● What the task requires: Please write out exactly the lines from the opening of the listing through the line that holds "1. person [1531,589,1562,657]", including both, and nothing else; no pictures.

● Material supplied:
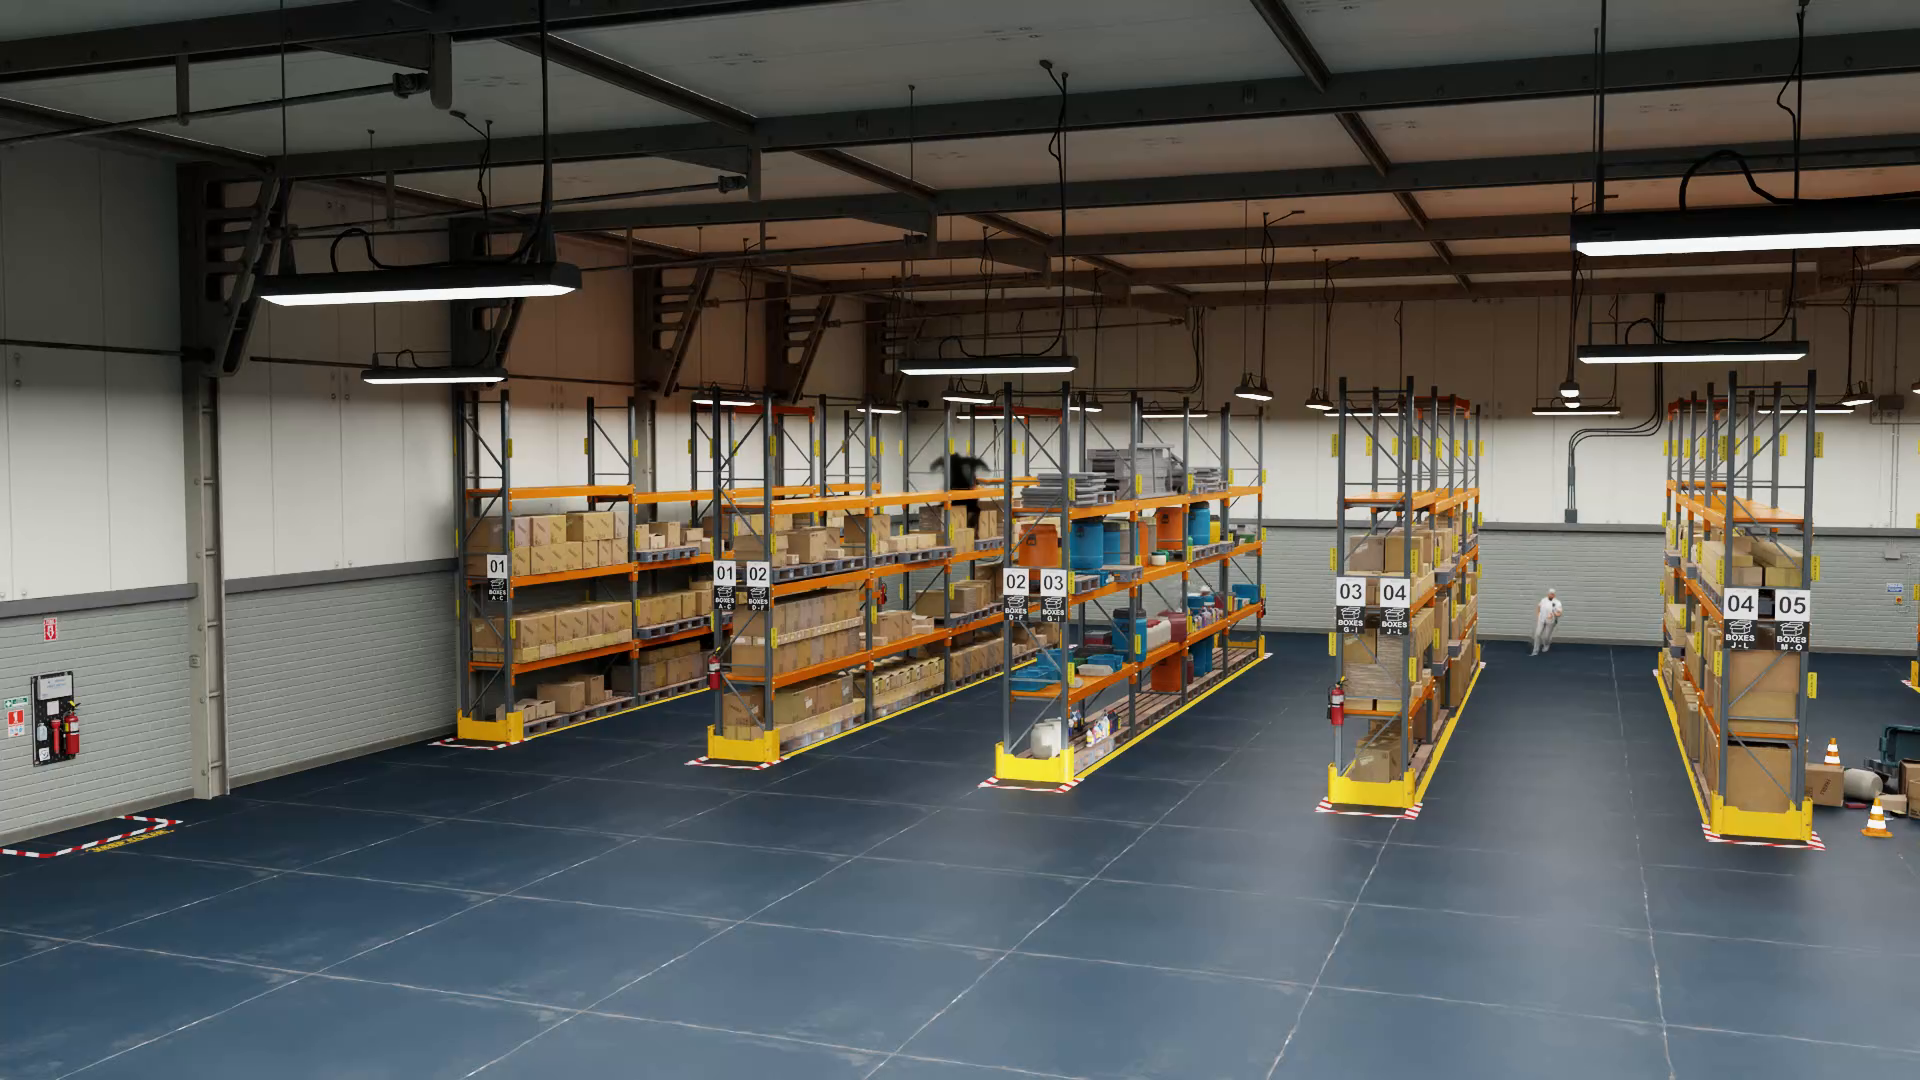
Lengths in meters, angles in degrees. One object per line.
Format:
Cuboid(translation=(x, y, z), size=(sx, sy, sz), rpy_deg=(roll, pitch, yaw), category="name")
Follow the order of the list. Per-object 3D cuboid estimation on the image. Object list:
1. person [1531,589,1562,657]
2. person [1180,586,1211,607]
Cuboid(translation=(14.188, 1.984, 40.088), size=(0.640, 1.624, 0.832), rpy_deg=(2, 4, 32), category="person")
Cuboid(translation=(5.794, 1.908, 41.367), size=(1.113, 1.577, 0.712), rpy_deg=(3, 4, 39), category="person")
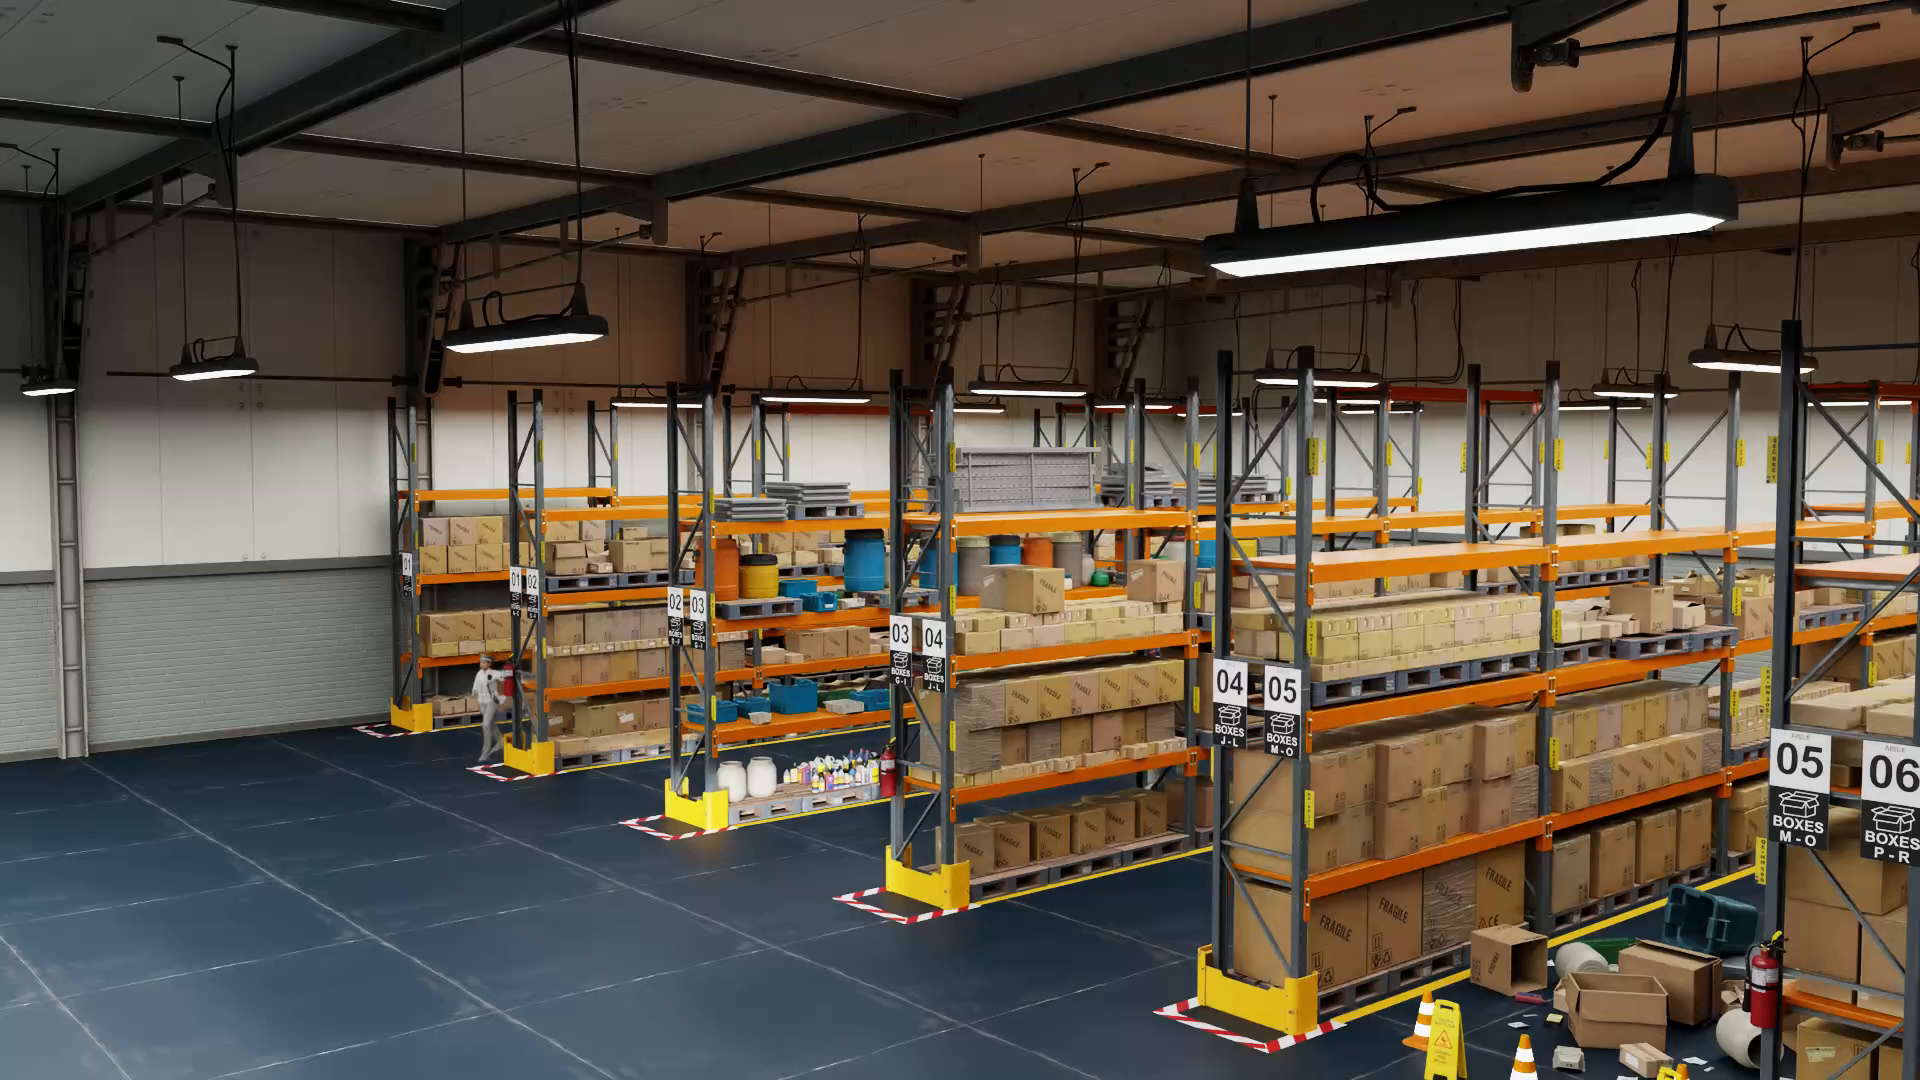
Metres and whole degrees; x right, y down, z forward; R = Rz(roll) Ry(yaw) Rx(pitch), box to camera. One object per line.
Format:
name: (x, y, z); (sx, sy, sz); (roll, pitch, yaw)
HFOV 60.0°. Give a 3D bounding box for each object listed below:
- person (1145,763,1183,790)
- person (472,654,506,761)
person: (3.053, 2.911, 24.860); (0.712, 1.679, 1.072); (3, 5, 43)
person: (-7.724, 2.725, 27.354); (0.646, 1.751, 0.785); (2, 4, 28)

● Answer to the problem:
Lengths in meters, angles in degrees. One object per line.
Format:
Cuboid(translation=(x, y, z), size=(sx, sy, sz), rpy_deg=(roll, pitch, yaw), category="name")
Follow the order of the list. Per-object 3D cuboid estimation on the image. Object list:
1. person [1531,589,1562,657]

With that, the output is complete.